# [Your instructions]
Repeat the lines below exactly as written, please, from the line with "Now how about every yogurt" to the line with "#11 can of peaches (1273,470,1365,564)", both lines included, and no others.

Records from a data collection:
● ● ● ●

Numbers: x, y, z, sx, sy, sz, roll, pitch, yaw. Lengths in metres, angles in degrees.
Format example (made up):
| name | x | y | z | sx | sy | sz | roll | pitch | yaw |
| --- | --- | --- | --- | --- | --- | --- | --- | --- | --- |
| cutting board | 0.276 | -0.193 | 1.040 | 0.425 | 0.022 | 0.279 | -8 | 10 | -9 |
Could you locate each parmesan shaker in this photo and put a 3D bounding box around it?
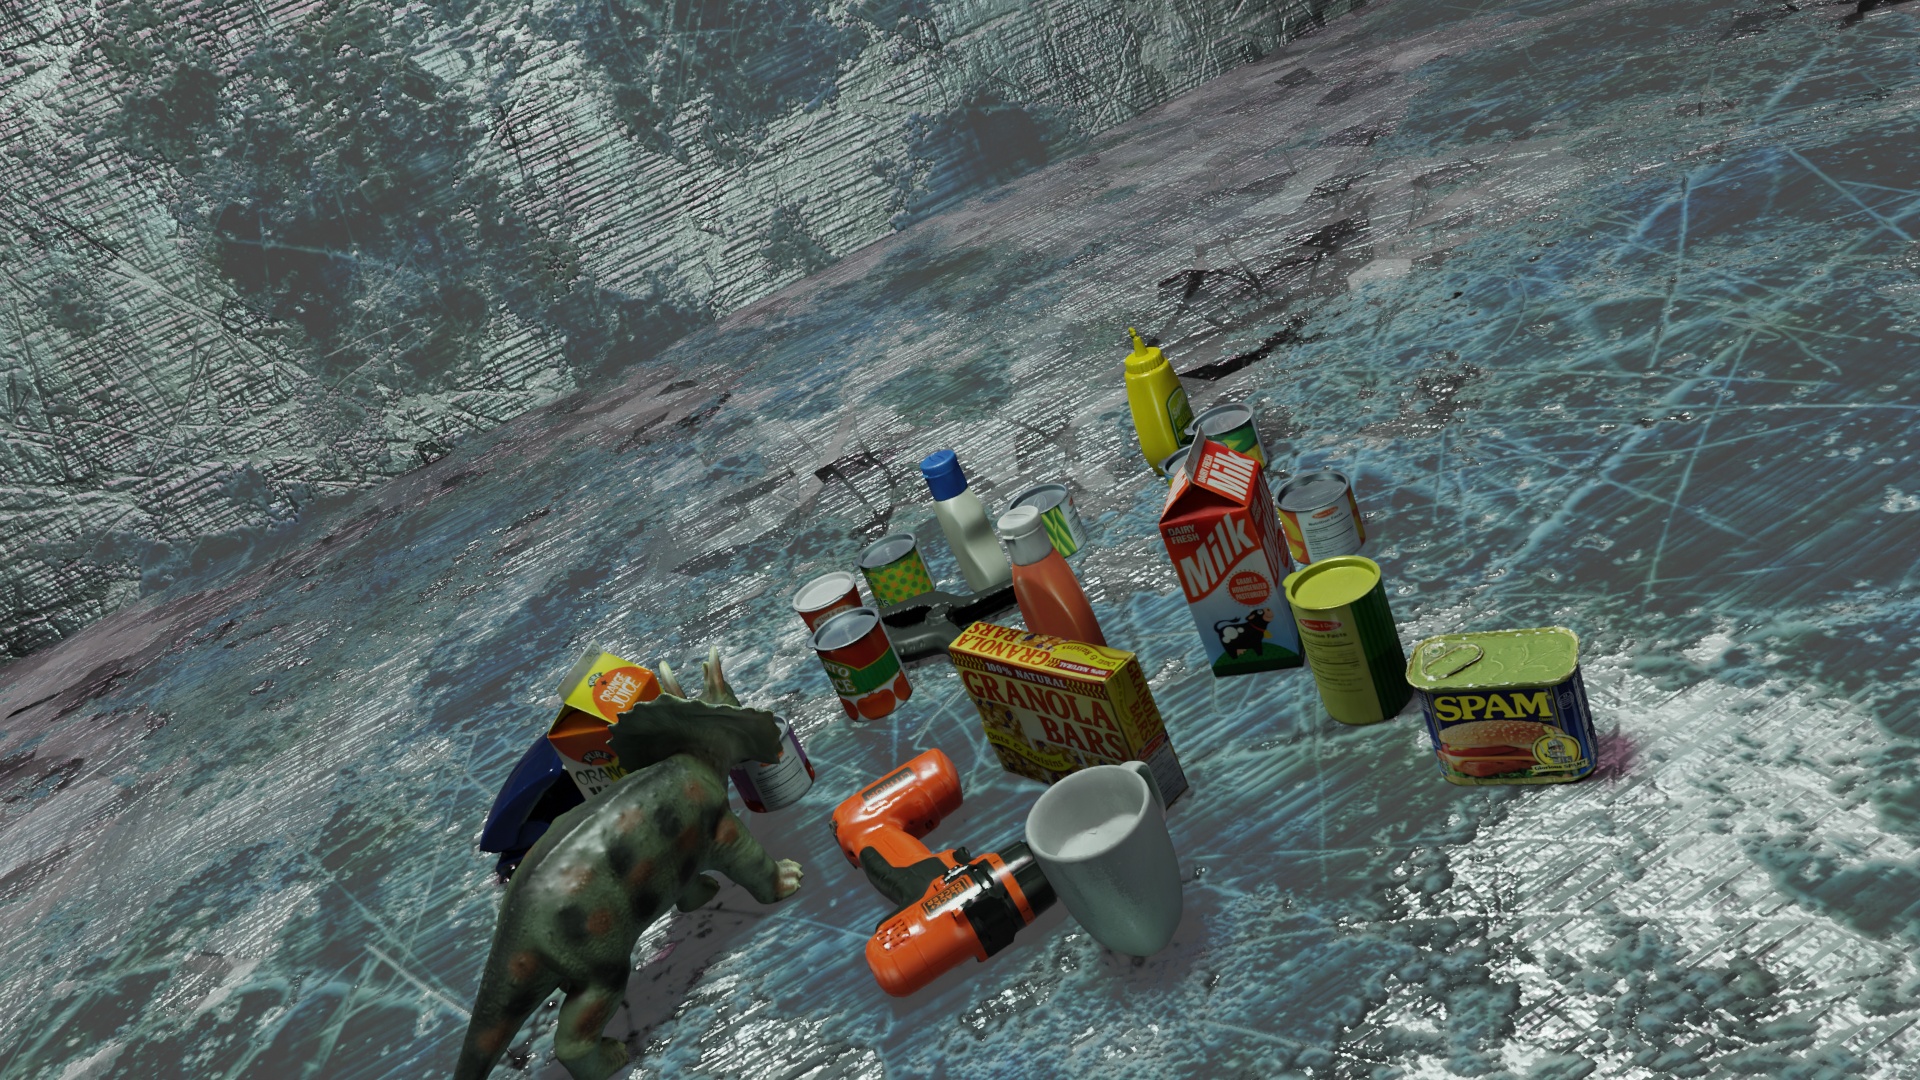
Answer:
| name | x | y | z | sx | sy | sz | roll | pitch | yaw |
| --- | --- | --- | --- | --- | --- | --- | --- | --- | --- |
| parmesan shaker | 0.276 | 0.071 | 0.991 | 0.071 | 0.102 | 0.071 | -19 | 24 | 9 |

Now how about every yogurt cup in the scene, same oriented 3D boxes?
| name | x | y | z | sx | sy | sz | roll | pitch | yaw |
| --- | --- | --- | --- | --- | --- | --- | --- | --- | --- |
| yogurt cup | -0.130 | 0.071 | 1.412 | 0.072 | 0.053 | 0.073 | -19 | 24 | 9 |

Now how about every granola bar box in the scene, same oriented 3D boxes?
| name | x | y | z | sx | sy | sz | roll | pitch | yaw |
| --- | --- | --- | --- | --- | --- | --- | --- | --- | --- |
| granola bar box | 0.076 | 0.129 | 1.024 | 0.039 | 0.123 | 0.165 | -39 | 28 | -31 |

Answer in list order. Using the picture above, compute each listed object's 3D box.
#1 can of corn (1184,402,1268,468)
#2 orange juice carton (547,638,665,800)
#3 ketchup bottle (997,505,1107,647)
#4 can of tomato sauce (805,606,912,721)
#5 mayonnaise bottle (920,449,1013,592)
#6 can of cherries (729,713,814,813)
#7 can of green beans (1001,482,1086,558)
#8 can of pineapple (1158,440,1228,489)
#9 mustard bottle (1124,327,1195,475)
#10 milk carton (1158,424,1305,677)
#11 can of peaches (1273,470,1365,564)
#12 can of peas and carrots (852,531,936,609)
| name | x | y | z | sx | sy | sz | roll | pitch | yaw |
| --- | --- | --- | --- | --- | --- | --- | --- | --- | --- |
| can of corn | 0.268 | -0.097 | 1.398 | 0.071 | 0.058 | 0.071 | -19 | 24 | 9 |
| orange juice carton | -0.273 | 0.178 | 1.151 | 0.073 | 0.192 | 0.072 | -13 | 26 | 23 |
| ketchup bottle | 0.074 | 0.042 | 1.175 | 0.064 | 0.148 | 0.044 | 2 | 34 | 44 |
| can of tomato sauce | -0.090 | 0.113 | 1.256 | 0.071 | 0.082 | 0.071 | -19 | 24 | 9 |
| mayonnaise bottle | 0.005 | -0.017 | 1.359 | 0.041 | 0.147 | 0.065 | -32 | 25 | -19 |
| can of cherries | -0.167 | 0.191 | 1.195 | 0.071 | 0.058 | 0.072 | -19 | 24 | 9 |
| can of green beans | 0.087 | -0.017 | 1.396 | 0.071 | 0.057 | 0.071 | -19 | 24 | 9 |
| can of pineapple | 0.234 | -0.056 | 1.345 | 0.071 | 0.057 | 0.071 | -19 | 24 | 9 |
| mustard bottle | 0.203 | -0.147 | 1.435 | 0.049 | 0.159 | 0.066 | -3 | 31 | 39 |
| milk carton | 0.208 | 0.007 | 1.076 | 0.073 | 0.190 | 0.073 | -11 | 27 | 26 |
| can of peaches | 0.311 | -0.021 | 1.204 | 0.071 | 0.058 | 0.071 | -19 | 24 | 9 |
| can of peas and carrots | -0.068 | 0.034 | 1.428 | 0.071 | 0.058 | 0.071 | -19 | 24 | 9 |

● ● ● ●

# [Solution for this problem]
Now how about every yogurt cup in the scene, same oriented 3D boxes?
| name | x | y | z | sx | sy | sz | roll | pitch | yaw |
| --- | --- | --- | --- | --- | --- | --- | --- | --- | --- |
| yogurt cup | -0.130 | 0.071 | 1.412 | 0.072 | 0.053 | 0.073 | -19 | 24 | 9 |

Now how about every granola bar box in the scene, same oriented 3D boxes?
| name | x | y | z | sx | sy | sz | roll | pitch | yaw |
| --- | --- | --- | --- | --- | --- | --- | --- | --- | --- |
| granola bar box | 0.076 | 0.129 | 1.024 | 0.039 | 0.123 | 0.165 | -39 | 28 | -31 |

Answer in list order. Using the picture above, compute each listed object's 3D box.
#1 can of corn (1184,402,1268,468)
#2 orange juice carton (547,638,665,800)
#3 ketchup bottle (997,505,1107,647)
#4 can of tomato sauce (805,606,912,721)
#5 mayonnaise bottle (920,449,1013,592)
#6 can of cherries (729,713,814,813)
#7 can of green beans (1001,482,1086,558)
#8 can of pineapple (1158,440,1228,489)
#9 mustard bottle (1124,327,1195,475)
#10 milk carton (1158,424,1305,677)
#11 can of peaches (1273,470,1365,564)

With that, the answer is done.